Legislative Relief - was Re: Motion for a new POST NSF
bmanning at ISI.EDU
bmanning at ISI.EDU
Mon Oct 16 21:02:23 UTC 1995
> On 16 Oct 95 at 10:19, bmanning at ISI.EDU wrote:
> > Me thinks that this is yet one more short sighted view of the Internet.
> Bill, all very good points, indeed.
> But while the US-centric issues are not lost on me, it
> certainly seems that the majority of spammage originates from US
> ISPs. Perhaps this is based in some way on the free-wheeling
> entrepreneurial nature of US commerce or on the increasing tide
> of social indifference. But I digress...
..seems..(to).. originates from US (sites)...
And where do you get your data? Domain Names?
Not a real good measure. IP addresses? Better,
but only slightly so. Email origin? Ever hear
of email spoofing? John Currans earlier note
was very concrete here. You have no data that
back your assertion that the problem is US based.
> I am not advocating laws which restrict uses of commercial
> networks. I am advocating restraint over those things that
> others can do to me which cost me money and thus, are theft.
> Federal law already (I believe) restricts what use others may
> enjoy of my resources without my permission. FAX and cellular
> phones cannot be used for purposes of advertising.
So internetMCI, Sprintlink, PSI, UUnet, MSN,
and all existing ISP's networks are not going
to be bound by your proposed legislation?
While I can't say wrt cellular actions, I know
my fax machine (and PO box, and home answering
machine) get all sorts of unsolicited dreck.
Whats the law that I can use to protect myself?

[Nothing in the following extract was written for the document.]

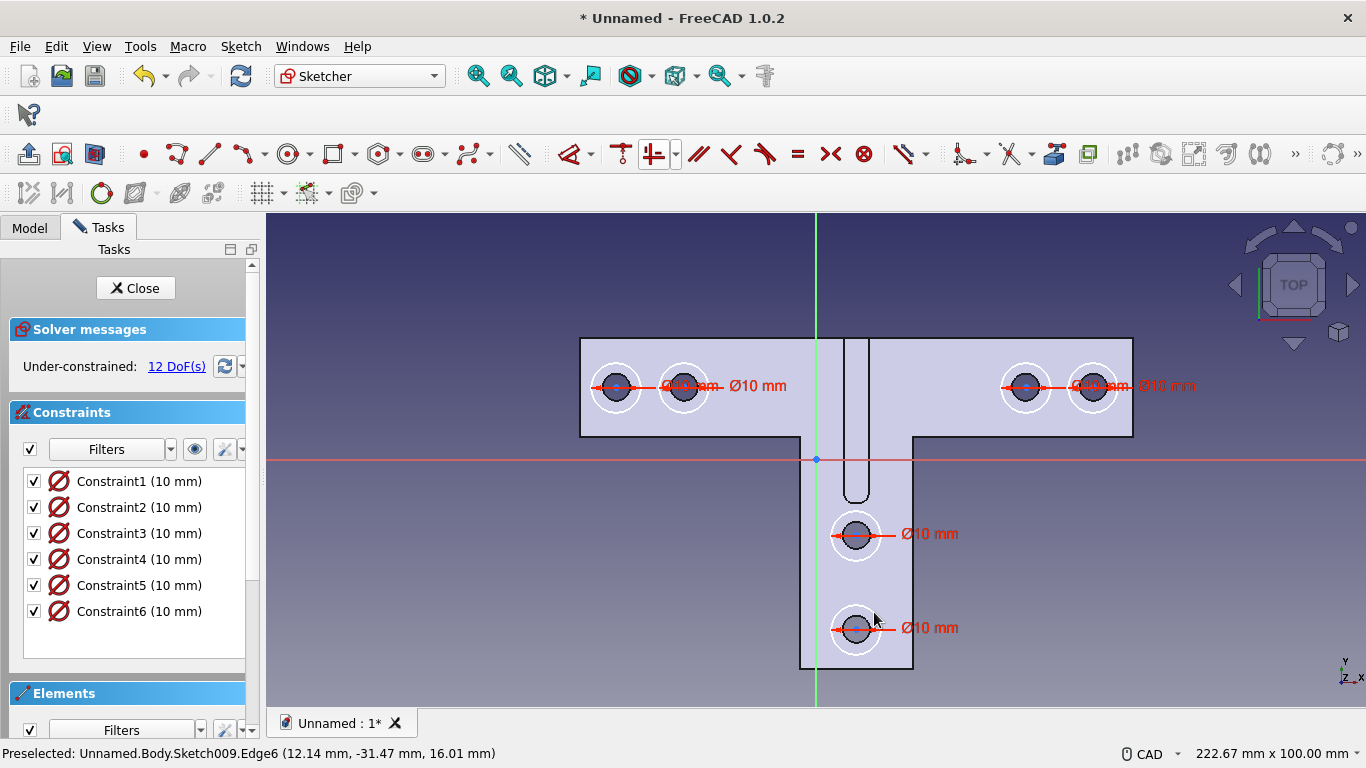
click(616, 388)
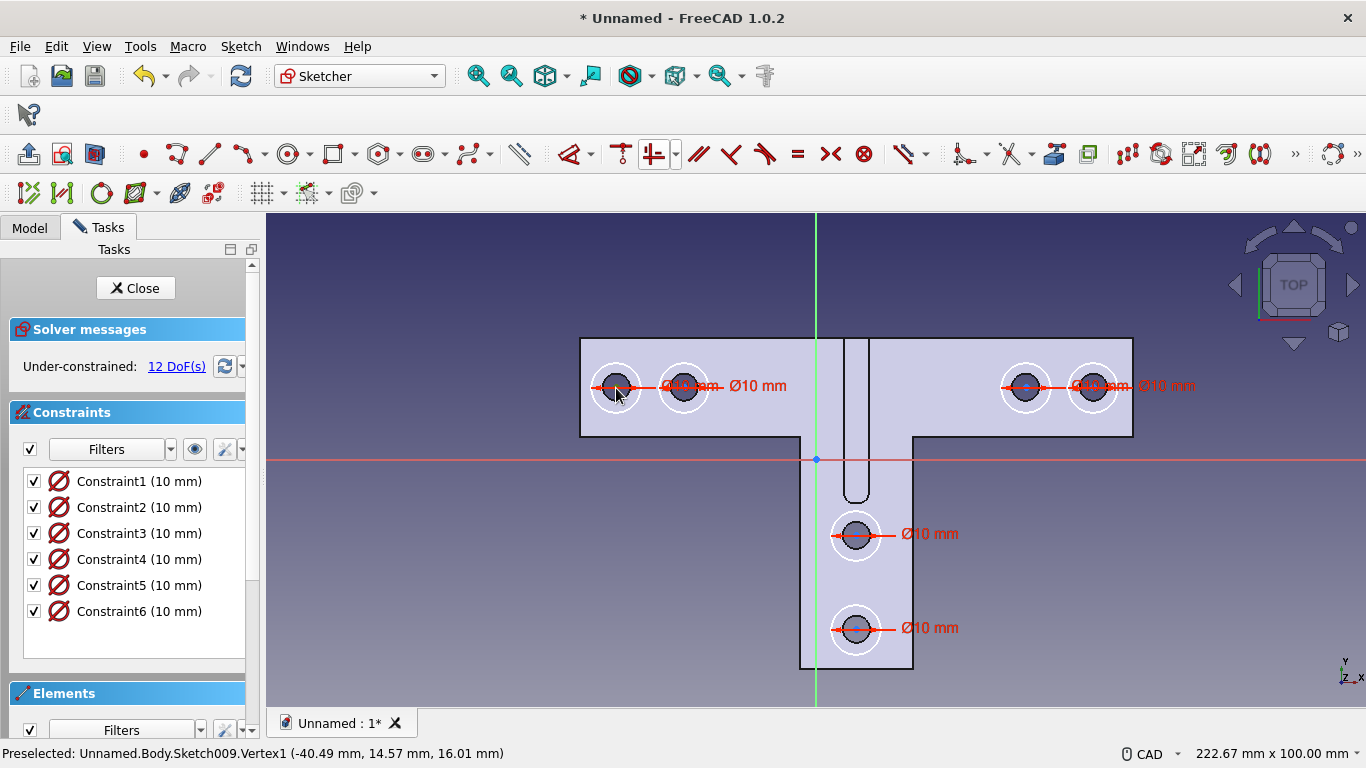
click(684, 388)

> Finally, what I am suggesting is perhaps a little more subtle
> than grotesque legal bludgeoning. Consider the potential
> impact that highly visible federal law would have on those who
> would consider this an effective means to market to others using
> resources for which they do not pay.
Most folks that I know think that "highly visible federal law"
often equates to "grotesque legal bludgeoning".